本シリーズでは、「負けないFXトレーダーを育てる」をコンセプトに、過去に為替ディーラーとして様々な失敗を経験してきた私が、どのように工夫して少しずつ上達していったのか体験談をお伝えしていきます。新人ディーラー(新人の個人投資家)にありがちな落とし穴と、その対策などを通じて、読者のみなさまの実力UPの参考にして頂きたいと考えています。

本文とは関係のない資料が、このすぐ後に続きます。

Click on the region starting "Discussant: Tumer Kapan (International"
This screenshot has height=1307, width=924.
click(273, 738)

第9回目は「一日の流れ(イベント)を把握しトレードに役立てよう」です。早速みていきましょう。

目次

1.FX市場の特性を理解する
2. 実際の一日の流れを体感する
3. 実際に手を動かしてみよう

1.FX市場の特性を理解する

FXはその市場の特性として24時間取引が行われるため、私たちはついつい「時間の概念」を軽視してしまい、チャート分析やテクニカル分析に終始してしまうことがあると思います。

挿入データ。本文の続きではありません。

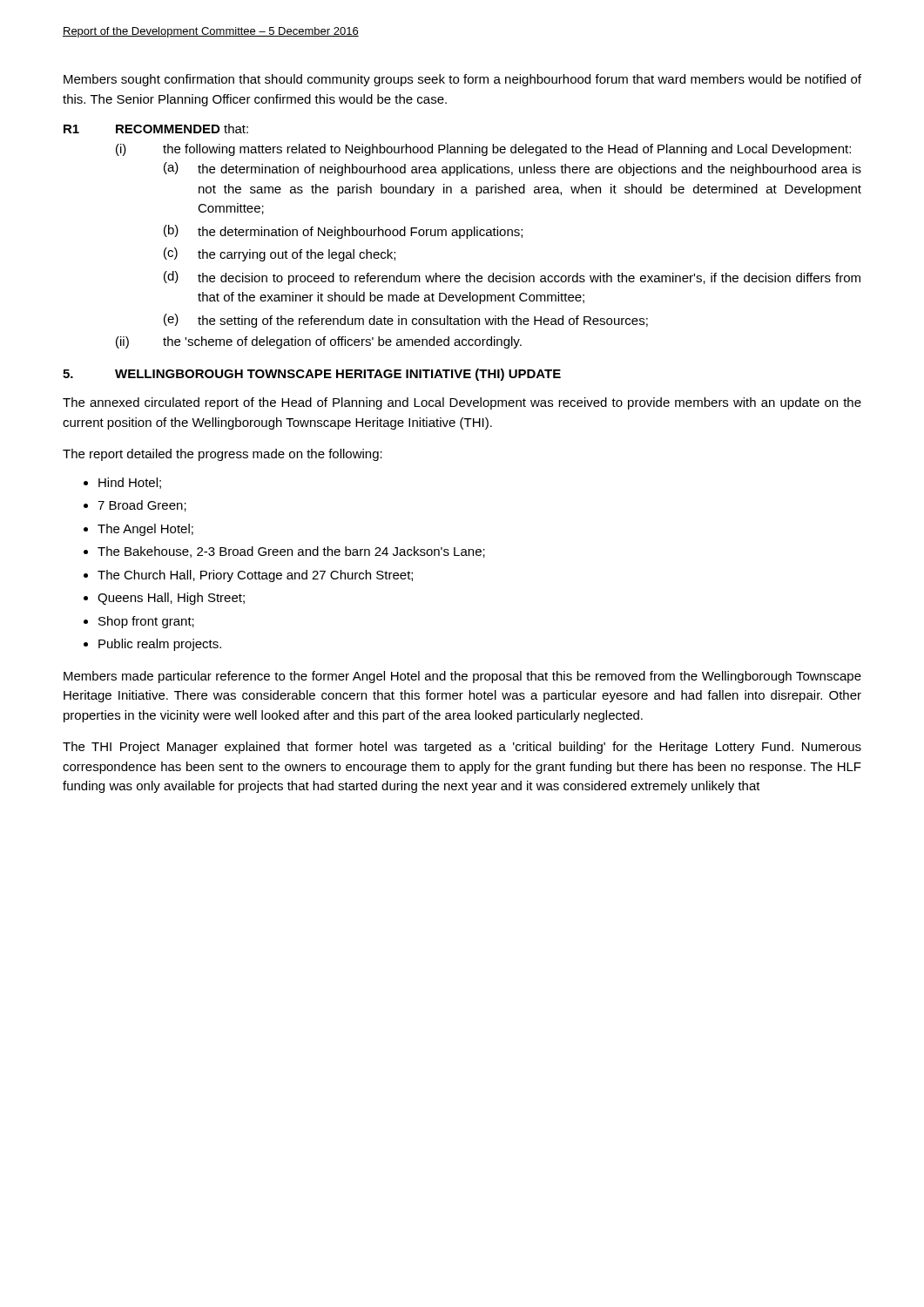Select the block starting "7 Broad Green;"
The height and width of the screenshot is (1307, 924).
(142, 505)

しかしどんなにチャートやレートを眺めても相場が動きにくい時間帯や、相場が反転しやすい時間帯があると考えます。あくまで経験則であり、正確にデータを取得しているわけではないのですが、まず間違いない事実として自分の中では確信しています。

例えば現在ですと22:30はFXの値動きが起こりやすいです。これは一体どういうことだと思いますか?

NY証券取引所は現地の9:30、夏時間ですと日本時間の22:30に開場します。この時間には前日からの世界中の米株注文が一斉に処理されますので、この時点で売買の注文に偏りがあるとそれだけで大きな株価の動きに繋がるのです。

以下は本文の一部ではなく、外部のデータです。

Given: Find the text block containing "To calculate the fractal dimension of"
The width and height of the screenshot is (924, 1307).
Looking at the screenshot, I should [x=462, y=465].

米株が上昇すれば、市場の雰囲気は改善します。FXで考えてみると円売り新興国通貨買いのキャリートレードが発生しやすくなります。

22:30はあくまで一つの重要な時間帯に過ぎません。実は他にもこう言った時間帯が複数存在します。

みなさんはそれらをきちんと押さえて取引をしていますか?

取引しているのであれば今日の話題は簡単すぎるかも知れません。ですが、もしそこまで意識していないということであれば、チャート分析の前に本日の内容を正しく理解することをおススメしたいです。

なぜおススメしたいのかと申しますと、私は昔に熱心にチャート分析を行った割に上手くいかなかった経験があるのですが、その後にFX市場の特性を正しく理解するよう努めたことで損益が改善した経験があるからです。ですからこれをキッカケに一歩レベルアップできる可能性は高いと思います。

2.実際の一日の流れを体感する

では簡単に1日の流れを追っていきましょう。ここでの時間帯は夏時間で統一させてください。冬時間になればまた一時間ずれますが、夏時間を前提に話を進めていきます。早速みていきましょう。
実は外為市場の朝は、オーストラリアはシドニーから始まります。月曜日明け方の3時頃をシドニーオープンと呼びまして、ここから外為市場は少しずつ動き出します。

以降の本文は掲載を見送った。